Email is easy to spoof - to give it an inaccurate From address. Therefore, it’s important not to do drastic things (eg release sensitive data) just because you got an email claiming to be from someone.

Use a secret address

One way to verify that a message is genuine is to have a secret email address (for example 8317bb91@myapp.anvil.app). This functions like a password - only genuine users would know to send an email to that address!

A variation is to send an email from a secret address, and tell the user to reply to it. The real user’s replies will go to the secret address, but nobody else knows the secret address.

Verify the sender with DKIM

Anvil has built-in support for DKIM, which lets the sending domain prove that an email is genuine. For example, every mail from someone@gmail.com is signed by Gmail, so you can prove it’s genuine.

If you specify @anvil.email.handle_message(require_dkim=True), then you will only allow messages with valid DKIM signatures for the domain in msg.envelope.from. So, if msg.envelope.from is "someone@gmail.com", the email must have been signed by gmail.com.

@anvil.email.handle_message(require_dkim=True)
def handle_message(msg):
  print(f"This message is definitely from {msg.envelope.from}")
You can also check this by hand. msg.dkim.domains is a list of all the domains that have signed this email (sometimes there can be more than one, but usually there are none or one).

@anvil.email.handle_message
def handle_message(msg):
  if msg.dkim.domains is not None and 
      "gmail.com" in msg.dkim.domains:
    print("This message was signed by Gmail")

  elif msg.dkim.domains == []:
    print("This message wasn't signed at all")

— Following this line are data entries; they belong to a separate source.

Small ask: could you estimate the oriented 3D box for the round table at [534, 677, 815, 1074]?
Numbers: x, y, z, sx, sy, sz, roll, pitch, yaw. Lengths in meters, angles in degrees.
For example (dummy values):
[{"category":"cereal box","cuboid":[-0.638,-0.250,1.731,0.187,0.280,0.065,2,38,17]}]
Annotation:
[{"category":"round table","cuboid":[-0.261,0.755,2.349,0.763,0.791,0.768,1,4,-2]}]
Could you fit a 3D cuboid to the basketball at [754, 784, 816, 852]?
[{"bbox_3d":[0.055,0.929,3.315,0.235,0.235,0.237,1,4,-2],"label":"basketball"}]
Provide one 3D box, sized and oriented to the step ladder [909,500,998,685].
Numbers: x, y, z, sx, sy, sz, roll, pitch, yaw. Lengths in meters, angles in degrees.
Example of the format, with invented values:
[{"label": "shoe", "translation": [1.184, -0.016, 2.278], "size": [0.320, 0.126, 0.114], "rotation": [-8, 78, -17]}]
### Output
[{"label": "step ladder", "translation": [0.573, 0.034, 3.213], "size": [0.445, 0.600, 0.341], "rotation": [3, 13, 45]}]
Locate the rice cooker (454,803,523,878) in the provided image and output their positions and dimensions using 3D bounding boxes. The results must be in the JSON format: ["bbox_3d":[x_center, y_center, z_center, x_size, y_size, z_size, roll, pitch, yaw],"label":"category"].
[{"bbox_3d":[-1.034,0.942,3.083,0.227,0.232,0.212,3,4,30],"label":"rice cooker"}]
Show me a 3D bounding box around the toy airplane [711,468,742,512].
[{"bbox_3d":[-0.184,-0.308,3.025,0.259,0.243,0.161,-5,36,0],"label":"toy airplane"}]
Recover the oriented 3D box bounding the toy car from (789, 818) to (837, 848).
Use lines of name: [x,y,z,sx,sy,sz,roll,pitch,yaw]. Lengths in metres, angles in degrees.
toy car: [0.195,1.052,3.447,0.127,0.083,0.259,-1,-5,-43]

msg.dkim.valid_from_sender is True if one of those domains is the domain of the sending address (msg.envelope.sender).

Technical notes for experts

Anvil’s DKIM support accepts only signatures that cover the entire message (no l= parameter).

msg.dkim.domains is a list of the d= fields of all acceptable DKIM signatures.

msg.dkim.valid_from_sender is True only if the SMTP envelope from address ends in @<domain>, where domain is the d= field in an acceptable DKIM signature.